Маяковскому, как поэту, жившему в первую очередь чувственным опознанием мира, и как революционеру, стремившемуся подчинить и контролировать это чувственное опознание разумной целесообразностью, приходилось вдвойне трудно все это переживать и переосмысливать. Опасность обюрокрачивания динамики Октября через застылость и инерцию личных переживаний каждого, опасность спада революционной самоотверженности и героизма годов гражданской войны, опасность превращения их мускулистости и напряженности в жирок чиновничье-обывательской успокоенности чувствовалась им особенно тревожно и. остро.
Подтверждением именно этих опасений Маяковского остаются такие стихи, как, например, «О дряни» и «Прозаседавшиеся», обратившие на себя пристальное внимание В. И. Ленина. Но гораздо большим материалом, свидетельствующим о таких переживаниях, остается замечательная и совершенно не воспринятая в этом разрезе прозаседавшейся дрянью тогдашней критики – поэма «Про это».
Вкусы персонально ответственных за литературные дела людей зачастую отставали тогда на полвека. Одному нравился Анатоль Франс, и он измерял литературную квалификацию близостью к стилю этого автора; другому – блаженный Августин или Софокл; третьему – и Леонид Андреев и Надсон сразу. Все это рождало бесконечные мелкие досадные стычки, ложившиеся накладными расходами на поэзию сегодняшнего дня. Все это, обступая лефовцев глухой стеной – в лучшем случае равнодушия, а в худшем – активной враждебности, грозило превратить их в литературно-эстетский салон, в какую-то замкнутую секту оригинальничающих стилистов, лидером которой являлся Маяковский. И все это тем самым частично способствовало ослаблению и вырождению первоначальных прямых революционных задач нового искусства в объединенно-бытовые переживания людей полупризнанных, полупринятых, но не могущих быть использованными целиком в непосредственной массовой работе.

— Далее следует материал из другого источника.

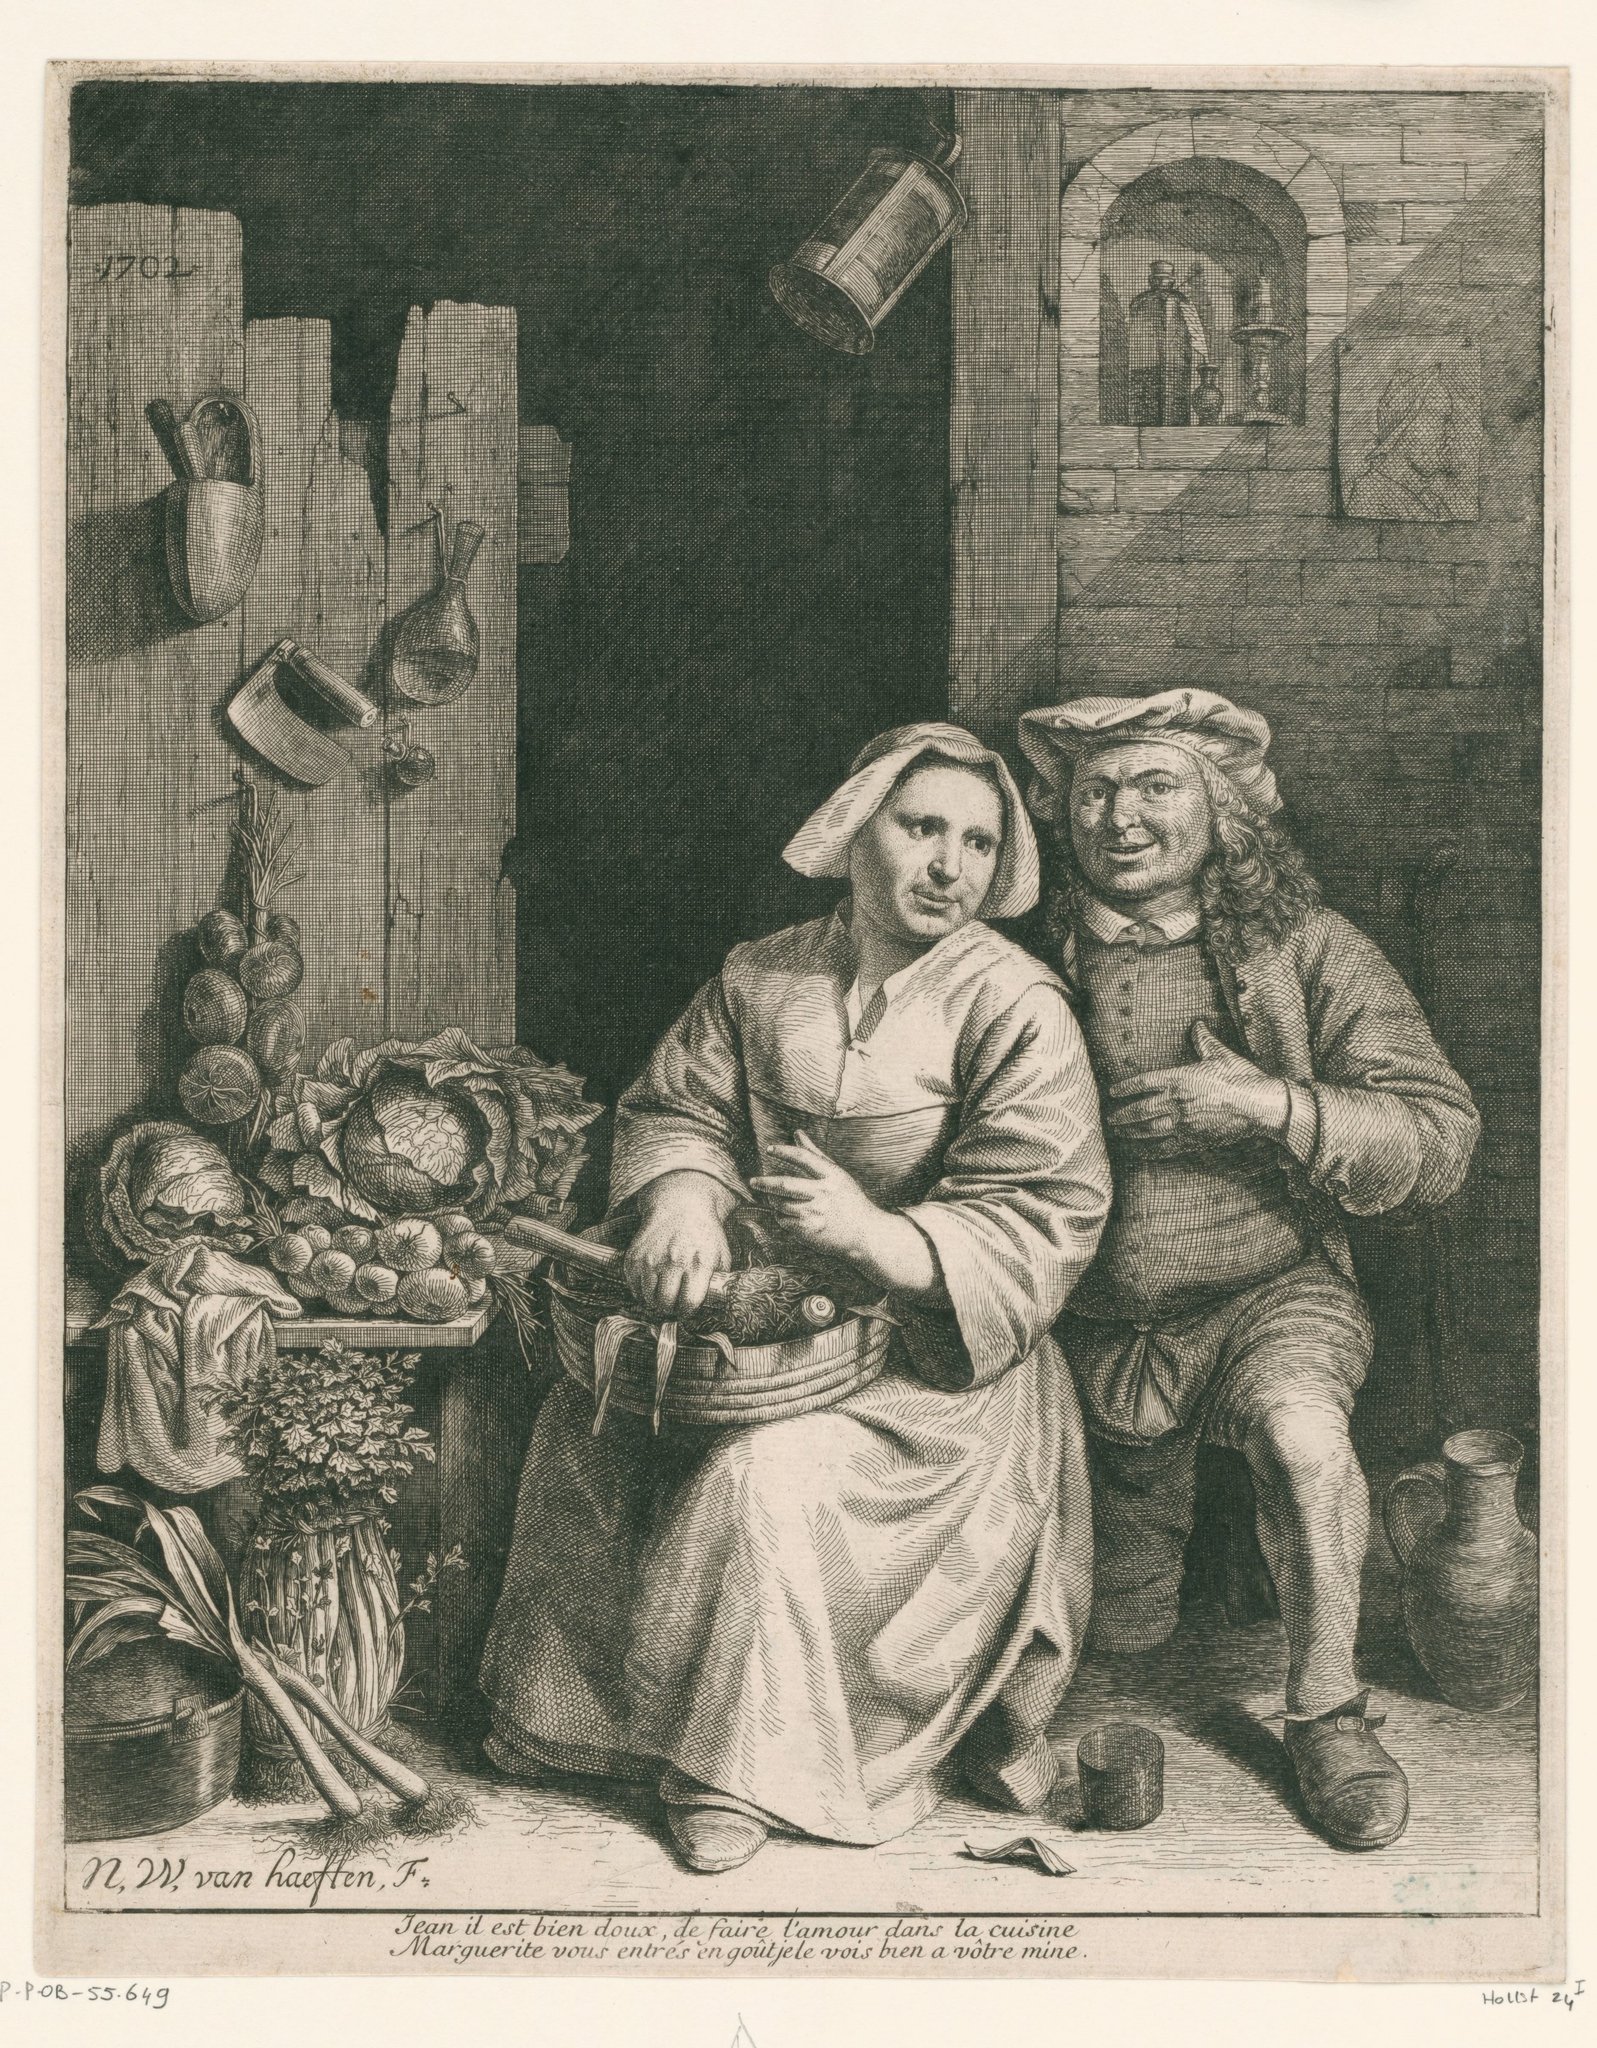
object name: print
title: Paar in een keukeninterieur
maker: nicolaes van haeften
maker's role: draughtsman, painter, print maker
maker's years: 1653-1715
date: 1702
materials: paper
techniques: etching
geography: paris
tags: vegetables, kitchen-interior, courting, cleaning vegetables
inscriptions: collector's mark: Lugt 2165, name: ‘Boerner KDJ’
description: Een man knielend bij een vrouw in een interieur met diverse groenten op een tafel. Met onderschrift: Jean il est bien doux, de faire lámour dans la cuisine/ Marguerite vous entrés en goût je le vois bien a vôtre mine.

Роль такого литературного салона с лидером Маяковским во главе не была по душе ни ему, ни его окружавшим. Бои за стихотворный фельетон, за публицистический жанр, за литературу факта, за рекламу советской продукции, за лозунговое и агитационное искусство, атаки на академический бюрократизм, на инерцию вкусов, на монополистичность методов классического наследства – были постоянно недружелюбно и несправедливо оцениваемы как не стоящая внимания шумиха, самореклама и желание утвердить себя за счет истребления памятников и ценностей прошлого.
Конечно, наряду с угнетающими, подавляющими выходками людей прошлого были и другие симптомы, противоположные им, подкрепляющие и дающие веру в работу. Симптомами этими были прежде всего постоянная и все возрастающая симпатия активной комсомольской аудитории, охват и практическая реализация новых методов искусства у массового слушателя. Иллюстрацией признаков этого рода может служить хотя бы отношение Ленина к Маяковскому, которое, согласно воспоминаниям Н. К. Крупской, очень изменилось после посещения Владимиром Ильичем общежития вхутемасовской молодежи, где он увидел, как молодежь эта, готовая отдать жизнь за революцию, находила выражение своим чувствам в стихах Маяковского. «После этого, – свидетельствует Крупская, – Ильич немного подобрел к Маяковскому». Вот такое «подобрение» наблюдалось, конечно, неоднократно и в других случаях практики лефовцев.
Литературная отъединенность и карантинное окружение «прошляков» создавали для Маяковского и окружающих его ту бытовую неспаянность, ту выделенность в отношениях, которые оставляли на волю случая всю личную работу над собой.
Сверхмерная утомляемость от ненужных усилий, от всей этой привходящей бытовщины искусства усиливала зачатки усталости, ослабляла боевую активность темперамента Маяковского. Именно в эту пору и назрел тот самокритический переучет своих личных сил, возможностей и целеустремленности, поэтическим выражением которого для Маяковского явилась поэма «Про это».
Вставший перед Маяковским и ближайшими к нему людьми вопрос об этих грязных ракушках и послужил поводом к этой самокритике, к переоценке себя. Могут возразить, что все же вопросы эти по существу были вопросами личного порядка, но, ответим мы, такого личного, которое становится уже общественным, приобретая не индивидуальный характер отдельной биографии, а становясь личным для множеств, для каждого, очутившегося в таком положении человека. Положение это, как уже было говорено, стояло в связи именно с массовой непереустроенностью вопросов семьи, личности, миросозерцания.